"The arch of history is long, but it bends toward justice." Martin Luther King made that once rather obscure line world famous. It is indeed eloquent, perhaps a little too eloquent. For its sentiments are rather too comforting, inasmuch as they are not true. Would that they were. We would not have the solemn responsibilities bequeathed to us by our common human endowments.
History marches on. But the course is squiggly. The direction is variable. And there is no mystically ordained lean or destination. No, it has to be pulled, and pulled hard, because the enemies of justice are always jerking it over to another track.
Examples of this inconstancy of direction abound in history. There is not just one long road which leads only toward justice. Instead, there are extended stretches of time when all the movement seems permanently progressive, as there are times when everything seems headed irrevocably in reverse. Those are not intrinsic characteristics of our experience, but simply the way in which they come dressed. It is usually the moments of change which most dramatically inform our appreciation of the times in which we live.

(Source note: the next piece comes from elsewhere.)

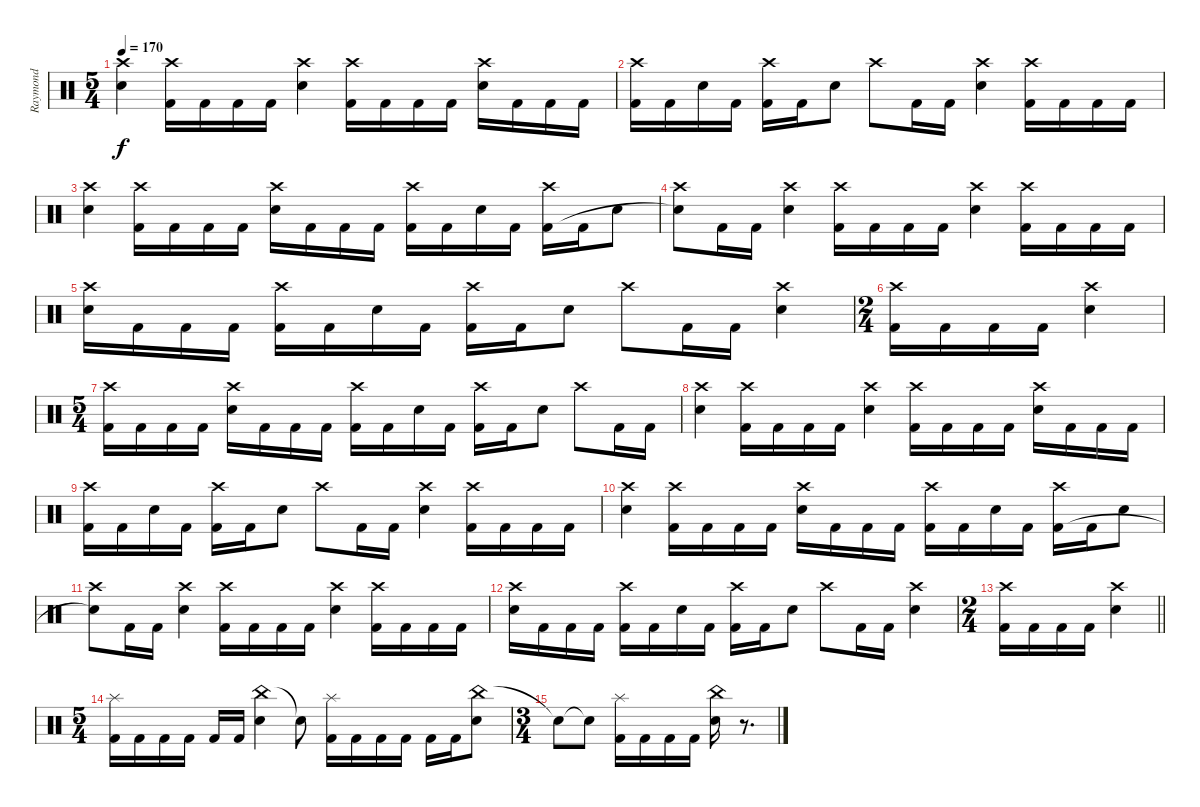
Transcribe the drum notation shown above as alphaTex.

Although Lincoln was always personally opposed to the institution of slavery and morally repulsed by it, he was far more temperate on the subject as he campaigned for president, and even after he first was elected. He tried to deflect and defuse the secessionist movement by relying on his legal obligation as President to follow the Constitution, which permitted slave holding in those states wherein it was already the practice. But the press and prosecution of the Civil War, along with the ever growing abolitionist movement and spreading sentiment cleared the path not only for preservation of the Union, but the rapid adoption of the 13th Amendment and the end of slavery everywhere within it.

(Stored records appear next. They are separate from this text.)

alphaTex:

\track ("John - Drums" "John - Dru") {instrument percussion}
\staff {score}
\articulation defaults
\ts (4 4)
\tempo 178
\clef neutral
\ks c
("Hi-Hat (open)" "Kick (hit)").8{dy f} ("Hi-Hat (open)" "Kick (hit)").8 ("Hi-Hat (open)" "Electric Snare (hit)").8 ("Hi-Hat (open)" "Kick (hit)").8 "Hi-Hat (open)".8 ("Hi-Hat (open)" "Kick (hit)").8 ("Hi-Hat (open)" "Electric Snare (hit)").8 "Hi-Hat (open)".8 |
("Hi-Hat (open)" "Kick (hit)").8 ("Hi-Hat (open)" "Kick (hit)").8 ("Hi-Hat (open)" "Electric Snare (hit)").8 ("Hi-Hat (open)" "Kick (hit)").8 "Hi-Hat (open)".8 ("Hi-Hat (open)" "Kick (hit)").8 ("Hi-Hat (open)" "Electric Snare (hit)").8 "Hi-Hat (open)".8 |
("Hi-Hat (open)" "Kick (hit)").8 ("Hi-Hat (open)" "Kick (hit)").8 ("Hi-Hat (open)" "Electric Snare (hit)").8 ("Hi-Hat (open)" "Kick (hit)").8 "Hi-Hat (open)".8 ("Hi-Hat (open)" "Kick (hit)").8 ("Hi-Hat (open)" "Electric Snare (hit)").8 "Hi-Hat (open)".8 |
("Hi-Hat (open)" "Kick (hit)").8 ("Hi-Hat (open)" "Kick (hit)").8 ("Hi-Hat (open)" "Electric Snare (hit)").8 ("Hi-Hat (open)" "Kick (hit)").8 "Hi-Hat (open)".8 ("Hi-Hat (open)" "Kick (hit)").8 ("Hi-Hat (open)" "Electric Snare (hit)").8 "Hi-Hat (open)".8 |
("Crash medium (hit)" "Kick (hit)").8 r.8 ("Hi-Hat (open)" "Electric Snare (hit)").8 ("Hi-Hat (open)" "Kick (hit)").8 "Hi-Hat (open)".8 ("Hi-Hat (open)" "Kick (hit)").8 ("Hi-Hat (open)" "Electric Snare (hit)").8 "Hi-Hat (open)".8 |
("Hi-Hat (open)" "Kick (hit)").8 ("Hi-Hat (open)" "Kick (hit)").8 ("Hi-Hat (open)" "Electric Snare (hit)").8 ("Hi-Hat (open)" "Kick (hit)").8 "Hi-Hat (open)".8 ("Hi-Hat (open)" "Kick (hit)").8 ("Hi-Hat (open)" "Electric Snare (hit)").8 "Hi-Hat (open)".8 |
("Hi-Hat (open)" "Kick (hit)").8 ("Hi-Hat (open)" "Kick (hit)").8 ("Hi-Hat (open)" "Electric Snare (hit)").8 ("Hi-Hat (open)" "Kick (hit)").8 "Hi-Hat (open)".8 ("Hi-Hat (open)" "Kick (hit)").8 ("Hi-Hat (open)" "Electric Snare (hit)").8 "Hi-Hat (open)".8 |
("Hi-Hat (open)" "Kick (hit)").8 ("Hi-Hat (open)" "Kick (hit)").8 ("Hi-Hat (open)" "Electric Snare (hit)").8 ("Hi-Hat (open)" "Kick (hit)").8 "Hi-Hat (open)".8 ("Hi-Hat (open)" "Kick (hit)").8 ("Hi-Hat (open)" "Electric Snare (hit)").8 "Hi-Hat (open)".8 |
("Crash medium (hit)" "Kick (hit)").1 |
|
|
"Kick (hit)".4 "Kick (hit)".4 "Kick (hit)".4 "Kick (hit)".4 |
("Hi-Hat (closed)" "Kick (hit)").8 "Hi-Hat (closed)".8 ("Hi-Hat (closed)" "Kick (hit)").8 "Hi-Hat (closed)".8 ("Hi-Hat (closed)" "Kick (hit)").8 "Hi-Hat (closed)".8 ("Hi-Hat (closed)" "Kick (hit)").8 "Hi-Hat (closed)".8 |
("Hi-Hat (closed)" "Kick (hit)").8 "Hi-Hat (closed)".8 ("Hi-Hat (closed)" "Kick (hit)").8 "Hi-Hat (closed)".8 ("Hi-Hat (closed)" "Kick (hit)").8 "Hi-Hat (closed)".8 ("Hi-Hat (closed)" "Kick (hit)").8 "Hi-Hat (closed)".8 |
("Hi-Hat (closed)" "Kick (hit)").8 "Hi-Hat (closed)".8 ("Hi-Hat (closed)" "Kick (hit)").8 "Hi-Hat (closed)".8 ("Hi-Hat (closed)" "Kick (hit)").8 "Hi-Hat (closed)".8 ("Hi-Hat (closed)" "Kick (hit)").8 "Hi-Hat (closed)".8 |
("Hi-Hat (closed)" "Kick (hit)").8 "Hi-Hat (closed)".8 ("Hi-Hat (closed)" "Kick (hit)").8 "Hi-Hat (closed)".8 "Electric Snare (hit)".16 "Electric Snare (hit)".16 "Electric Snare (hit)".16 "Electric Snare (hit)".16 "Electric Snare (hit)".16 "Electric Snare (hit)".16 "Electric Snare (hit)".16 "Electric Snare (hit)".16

Similarly, FDR came into office without a significantly different prescription for resurrecting the moribund national economy than that which the Hoover administration had been recommending. Indeed, FDR campaigned as a balanced budget advocate. But by the time he took office, the deepening crisis, together with an avalanche of increasingly serious and sometimes violent protest movements, swung wide the door for new ideas, new approaches, and the New Deal writ large itself.
I will skip over the period of agitation and change of the sixties we all know about, and that was somewhat obliquely referenced in the title to this post. Instead, it is more important to look with eyes wide open at the situation today. We see the transition Obama is making from would-be partner with the predatory powerful back to a promotion of policy initiatives aimed at realizing a desperately needed progressive approach to the problems of the day. We also see the nascent spark of life returning to a left-of-center oriented movement of the type which holds the potential to fuel a turn and ride back in the direction of justice. We should not let it stall or be driven into a ditch.